Monsanto Co. reported higher earnings in the first quarter than the prior year on strong demand from its South American business.
Net income was $29 million in the first quarter, reversing a $253 million loss in the year-ago period. Total crop protection, or Agricultural Productivity, sales dropped to $802 million from $820 million in the prior-year quarter. Seeds and Genomics sales were stronger, climbing to $1.8 billion from $1.4 billion.
“We’ve been very pleased with the strong support — especially from shareowners and growers — for the agreement to combine with Bayer,” said Hugh Grant, chairman and chief executive officer. “We expect the combination with Bayer to amplify the rate of innovation faster than either company could achieve alone, which will be critical in helping to increase grower productivity to meet projected demand in the decades ahead.”
With the expected strong start in the first quarter and continued focus on return on innovation and financial discipline, the company remains confident in its fiscal year 2017 outlook. Despite the fact that the year-over-year change in currency rates was modestly favorable in the first quarter of fiscal year 2017, the company continues to assume that the change in rates will have a relatively neutral effect on a full year basis given the recent strengthening of the U.S. dollar against several currencies.
The fiscal year 2017 full-year as-reported EPS guidance is expected to be in the range of $3.97 to $4.45. These earnings are expected to translate into $2.4-to-$2.8 billion of operating cash flows and $1.4-to-$1.6 billion of free cash flows, after deducting an estimated $1.0-to-$1.2 billion of investing cash flows. These investing cash flows reflect the planned investment in the company’s dicamba manufacturing facility and assume the successful sale of the precision agriculture equipment business.
The company expects roughly $100 million of gross profit from strategic licensing deals towards the end of the fiscal year which is anticipated to be roughly split between Seeds and Genomics and Ag Productivity. Seeds and Genomics segment gross profit is expected to increase to mid-single digits as a percent year-over-year, with soybean gross profit alone expected to grow by more than 20 percent, driven by new trait penetration and an anticipated reduction in cost of goods sold. In corn, growth is expected to come from global genetic share gains and global germplasm price mix lift in local currency that is flat to up low-single-digits, in terms of percentages. The company expects global corn acres to be roughly flat, with declines in U.S. corn acreage offset by the early increases in South America.

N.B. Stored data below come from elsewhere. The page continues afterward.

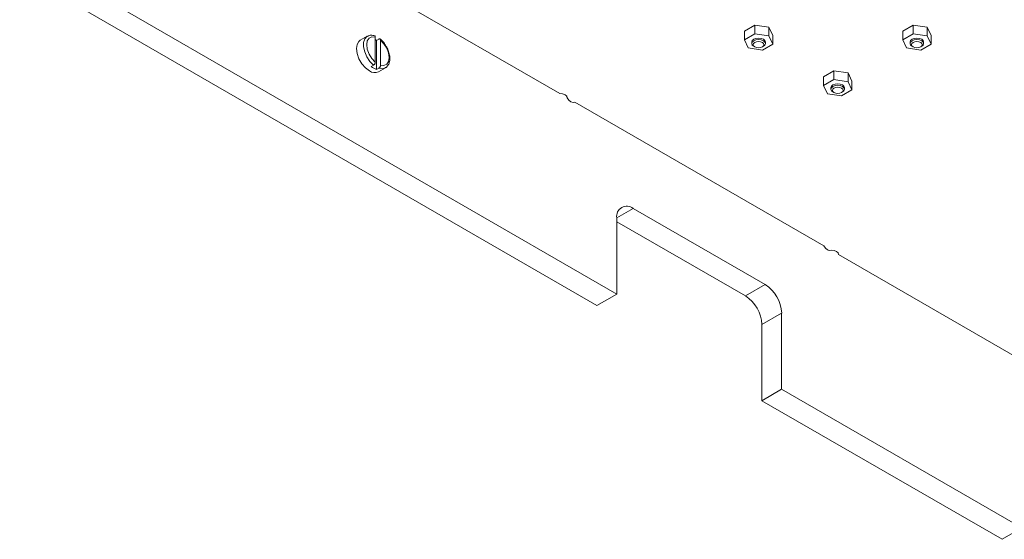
# Model space of a CAD drawing. Header units: millimetres. Extents: x 0 to 210, y 0 to 297.
# Tile 2 of 14: x 58 to 100, y 133 to 155. Entities that reach past the tile are written whole.
import ezdxf

# ---------------------------------------------------------------- set-up
doc = ezdxf.new("R2010")
doc.units = ezdxf.units.MM

msp = doc.modelspace()

# ---------------------------------------------------------------- linework, layer by layer
at = {"color": 7, "linetype": 'Continuous', "lineweight": 15}
for p, q in [((81.339, 151.882), (70.665, 158.044)), ((59.031, 157.574), (83.78, 143.287)), ((58.183, 157.085), (82.931, 142.797)), ((89.253, 154.567), (89.698, 154.824)), ((89.253, 154.567), (89.253, 154.192)), ((89.698, 154.824), (89.698, 154.449)), ((89.698, 154.824), (90.306, 154.73)), ((90.306, 154.73), (90.306, 154.355)), ((90.306, 154.73), (90.469, 154.379)), ((96.041, 154.567), (96.486, 154.824)), ((96.041, 154.567), (96.041, 154.192)), ((96.486, 154.824), (96.486, 154.449)), ((96.486, 154.824), (97.094, 154.73)), ((97.094, 154.73), (97.094, 154.355)), ((97.094, 154.73), (97.257, 154.379)), ((73.08, 154.34), (72.783, 154.169)), ((73.428, 154.31), (73.428, 153.231)), ((73.484, 154.165), (73.583, 154.223)), ((73.484, 154.165), (73.484, 152.919)), ((73.654, 153.1), (73.654, 154.18)), ((89.253, 154.192), (89.698, 154.449)), ((89.416, 153.841), (89.253, 154.192)), ((89.571, 154.098), (89.571, 154.032)), ((89.698, 154.449), (90.306, 154.355)), ((90.151, 154.032), (90.151, 154.098)), ((90.306, 154.355), (90.469, 154.004)), ((90.469, 154.379), (90.469, 154.004)), ((96.041, 154.192), (96.486, 154.449)), ((96.204, 153.841), (96.041, 154.192)), ((96.359, 154.098), (96.359, 154.032)), ((96.486, 154.449), (97.094, 154.355)), ((96.939, 154.032), (96.939, 154.098)), ((97.094, 154.355), (97.257, 154.004)), ((97.257, 154.379), (97.257, 154.004)), ((90.024, 153.747), (89.416, 153.841)), ((89.656, 153.914), (89.698, 153.889)), ((90.469, 154.004), (90.024, 153.747)), ((90.024, 153.889), (90.066, 153.914)), ((96.812, 153.747), (96.204, 153.841)), ((96.444, 153.914), (96.487, 153.889)), ((97.257, 154.004), (96.812, 153.747)), ((96.812, 153.889), (96.854, 153.914)), ((73.258, 153.049), (73.357, 153.106)), ((73.583, 152.976), (73.484, 152.919)), ((73.563, 152.818), (73.86, 152.989)), ((92.647, 152.608), (93.092, 152.865)), ((93.092, 152.865), (93.092, 152.489)), ((93.092, 152.865), (93.7, 152.771)), ((92.647, 152.608), (92.647, 152.232)), ((92.647, 152.232), (93.092, 152.489)), ((93.092, 152.489), (93.7, 152.395)), ((93.7, 152.771), (93.7, 152.395)), ((93.7, 152.771), (93.863, 152.42)), ((93.7, 152.395), (93.863, 152.044)), ((93.863, 152.42), (93.863, 152.044)), ((92.81, 151.881), (92.647, 152.232)), ((92.965, 152.138), (92.965, 152.073)), ((93.863, 152.044), (93.418, 151.787)), ((93.545, 152.073), (93.545, 152.138)), ((93.418, 151.787), (92.81, 151.881)), ((93.05, 151.955), (93.093, 151.93)), ((93.418, 151.93), (93.46, 151.955)), ((92.652, 145.351), (81.979, 151.513)), ((84.487, 146.962), (90.144, 143.696)), ((83.78, 143.287), (83.78, 146.553)), ((83.78, 146.39), (89.295, 143.206)), ((103.966, 138.82), (93.292, 144.981)), ((90.144, 143.696), (89.295, 143.206)), ((83.78, 143.287), (82.931, 142.797)), ((90.851, 142.471), (90.002, 141.982)), ((90.851, 142.471), (90.851, 139.205)), ((90.002, 141.982), (90.002, 138.715)), ((90.851, 139.205), (90.002, 138.715)), ((90.851, 139.205), (101.146, 133.262)), ((90.002, 138.715), (100.298, 132.772)), ((101.146, 133.262), (100.298, 132.772))]:
    msp.add_line(p, q, dxfattribs=at)
at = {"color": 8, "linetype": 'Continuous', "lineweight": 15}
msp.add_line((84.487, 146.962), (83.78, 146.554), dxfattribs=at)
at = {"color": 7, "linetype": 'Continuous', "lineweight": 15, "flags": 128}
for points in [[(72.783, 154.169), (72.727, 154.125), (72.649, 153.993), (72.622, 153.811), (72.649, 153.599), (72.727, 153.376), (72.849, 153.165), (73.003, 152.986), (73.173, 152.856)], [(73.428, 154.31), (73.281, 154.323), (73.163, 154.267), (73.087, 154.149), (73.06, 153.983), (73.087, 153.786), (73.163, 153.58), (73.281, 153.388), (73.428, 153.231)], [(73.654, 153.1), (73.801, 153.088), (73.919, 153.144), (73.995, 153.261), (74.022, 153.428), (73.995, 153.625), (73.919, 153.831), (73.801, 154.023), (73.654, 154.18)], [(89.571, 154.098), (89.593, 154.162), (89.656, 154.216), (89.75, 154.252), (89.861, 154.265), (89.972, 154.252), (90.066, 154.216), (90.129, 154.162), (90.151, 154.098)], [(89.656, 153.914), (89.593, 153.968), (89.571, 154.032), (89.593, 154.096), (89.656, 154.151), (89.75, 154.187), (89.861, 154.2), (89.972, 154.187), (90.066, 154.151), (90.129, 154.096), (90.151, 154.032), (90.129, 153.968), (90.066, 153.914)], [(89.698, 153.889), (89.773, 153.861), (89.861, 153.851), (89.949, 153.861), (90.024, 153.889), (90.074, 153.933), (90.091, 153.983), (90.074, 154.034), (90.024, 154.077), (89.949, 154.106), (89.861, 154.116), (89.773, 154.106), (89.698, 154.077), (89.649, 154.034), (89.631, 153.983), (89.649, 153.933), (89.698, 153.889)], [(96.359, 154.098), (96.381, 154.162), (96.444, 154.216), (96.538, 154.252), (96.649, 154.265), (96.76, 154.252), (96.854, 154.216), (96.917, 154.162), (96.939, 154.098)], [(96.444, 153.914), (96.381, 153.968), (96.359, 154.032), (96.381, 154.096), (96.444, 154.151), (96.538, 154.187), (96.649, 154.2), (96.76, 154.187), (96.854, 154.151), (96.917, 154.096), (96.939, 154.032), (96.917, 153.968), (96.854, 153.914)], [(96.487, 153.889), (96.561, 153.861), (96.649, 153.851), (96.737, 153.861), (96.812, 153.889), (96.862, 153.933), (96.879, 153.983), (96.862, 154.034), (96.812, 154.077), (96.737, 154.106), (96.649, 154.116), (96.561, 154.106), (96.487, 154.077), (96.437, 154.034), (96.419, 153.983), (96.437, 153.933), (96.487, 153.889)], [(92.965, 152.138), (92.987, 152.202), (93.05, 152.257), (93.144, 152.293), (93.255, 152.306), (93.366, 152.293), (93.46, 152.257), (93.523, 152.202), (93.545, 152.138)], [(93.05, 151.955), (92.987, 152.009), (92.965, 152.073), (92.987, 152.137), (93.05, 152.191), (93.144, 152.228), (93.255, 152.24), (93.366, 152.228), (93.46, 152.191), (93.523, 152.137), (93.545, 152.073), (93.523, 152.009), (93.46, 151.955)], [(93.093, 151.93), (93.167, 151.901), (93.255, 151.891), (93.343, 151.901), (93.418, 151.93), (93.468, 151.973), (93.485, 152.024), (93.468, 152.075), (93.418, 152.118), (93.343, 152.147), (93.255, 152.157), (93.167, 152.147), (93.093, 152.118), (93.043, 152.075), (93.025, 152.024), (93.043, 151.973), (93.093, 151.93)], [(81.659, 151.697), (81.634, 151.768), (81.565, 151.828), (81.461, 151.868), (81.339, 151.882)], [(81.979, 151.513), (81.905, 151.498), (81.819, 151.529), (81.732, 151.598), (81.659, 151.697), (81.617, 151.789)], [(92.972, 145.166), (92.899, 145.152), (92.812, 145.182), (92.726, 145.252), (92.652, 145.351)], [(93.292, 144.981), (93.268, 145.052), (93.199, 145.112), (93.095, 145.152), (92.972, 145.166), (92.872, 145.157)]]:
    msp.add_lwpolyline(points, dxfattribs=at)
at = {"color": 8, "linetype": 'Continuous', "lineweight": 15, "flags": 128}
for points in [[(73.357, 153.106), (73.201, 153.264), (73.07, 153.458), (72.975, 153.671), (72.925, 153.883), (72.925, 154.075), (72.975, 154.23), (73.07, 154.334), (73.084, 154.342)], [(73.86, 152.989), (73.739, 152.953), (73.583, 152.976)]]:
    msp.add_lwpolyline(points, dxfattribs=at)
at = {"color": 7, "linetype": 'Continuous', "lineweight": 15}
for centre, radius, start, end in [((72.914, 153.471), 0.899, 50.5995, 55.125), ((73.4, 153.159), 0.379, 233.1993, 295.4902), ((73.731, 153.607), 0.731, 229.7141, 250.2912), ((84.211, 146.623), 0.437, 50.7967, 189.2141), ((89.316, 142.402), 1.537, 2.6055, 57.3945), ((88.467, 141.912), 1.537, 2.6055, 57.3945)]:
    msp.add_arc(centre, radius, start, end, dxfattribs=at)
for points, knots in [([(73.413, 154.356), (73.383, 154.365), (73.303, 154.389), (73.187, 154.39), (73.116, 154.353), (73.088, 154.337)], [0, 0, 0, 0, 0.266323, 0.700446, 1, 1, 1, 1]), ([(73.4, 154.361), (73.4, 154.361), (73.407, 154.36), (73.417, 154.35), (73.427, 154.333), (73.428, 154.317), (73.428, 154.31)], [0, 0, 0, 0, 0.004413, 0.363363, 0.729673, 1, 1, 1, 1]), ([(73.654, 154.18), (73.653, 154.189), (73.652, 154.207), (73.639, 154.225), (73.621, 154.233), (73.601, 154.231), (73.588, 154.225), (73.583, 154.223)], [0, 0, 0, 0, 0.221822, 0.443791, 0.662154, 0.875285, 1, 1, 1, 1]), ([(73.861, 153.962), (73.848, 153.984), (73.798, 154.07), (73.712, 154.161), (73.642, 154.22), (73.624, 154.235)], [0, 0, 0, 0, 0.202416, 0.792617, 1, 1, 1, 1]), ([(73.853, 152.992), (73.865, 152.996), (73.922, 153.019), (73.992, 153.112), (74.047, 153.256), (74.057, 153.435), (74.021, 153.634), (73.954, 153.818), (73.887, 153.921), (73.861, 153.962)], [0, 0, 0, 0, 0.0438033, 0.2034531, 0.3629355, 0.5318337, 0.7078054, 0.8843854, 1, 1, 1, 1]), ([(73.428, 153.231), (73.427, 153.221), (73.425, 153.201), (73.413, 153.168), (73.394, 153.138), (73.374, 153.118), (73.362, 153.109), (73.357, 153.106)], [0, 0, 0, 0, 0.22182, 0.443791, 0.662154, 0.875285, 1, 1, 1, 1]), ([(73.583, 152.976), (73.591, 152.981), (73.607, 152.992), (73.628, 153.018), (73.644, 153.048), (73.653, 153.077), (73.654, 153.093), (73.654, 153.1)], [0, 0, 0, 0, 0.208495, 0.416908, 0.627137, 0.841676, 1, 1, 1, 1])]:
    msp.add_open_spline(points, degree=3, knots=knots, dxfattribs=at)

doc.saveas('drawing.dxf')

The company adjusted Ag Productivity gross profit to the expected range of $850-to-$950 million, reflecting year-over-year price declines in glyphosate-based herbicides in the first half of the year, offset partially by the benefit of licensing opportunities and expected higher volumes. The adjustment in gross profit outlook is a result of the approximately $85 million benefit from the sale of the Latitude wheat fungicide business that was ultimately recorded in other expense, net for the segment, as opposed to gross profit as anticipated.
The company’s restructuring and cost savings initiatives remain on track, with the opportunity to deliver approximately $380 million in annual savings at the close of fiscal 2017 in operating expenses and cost of good sold, as compared to fiscal year 2015. However, setting aside pending Bayer transaction related costs and restructuring expenses, overall operating expenses in fiscal 2017 are expected to increase slightly with inflation and the costs associated with the return to growth of the business more than offsetting the savings. The expected tax rate for the year remains in the range of 25-to-28 percent.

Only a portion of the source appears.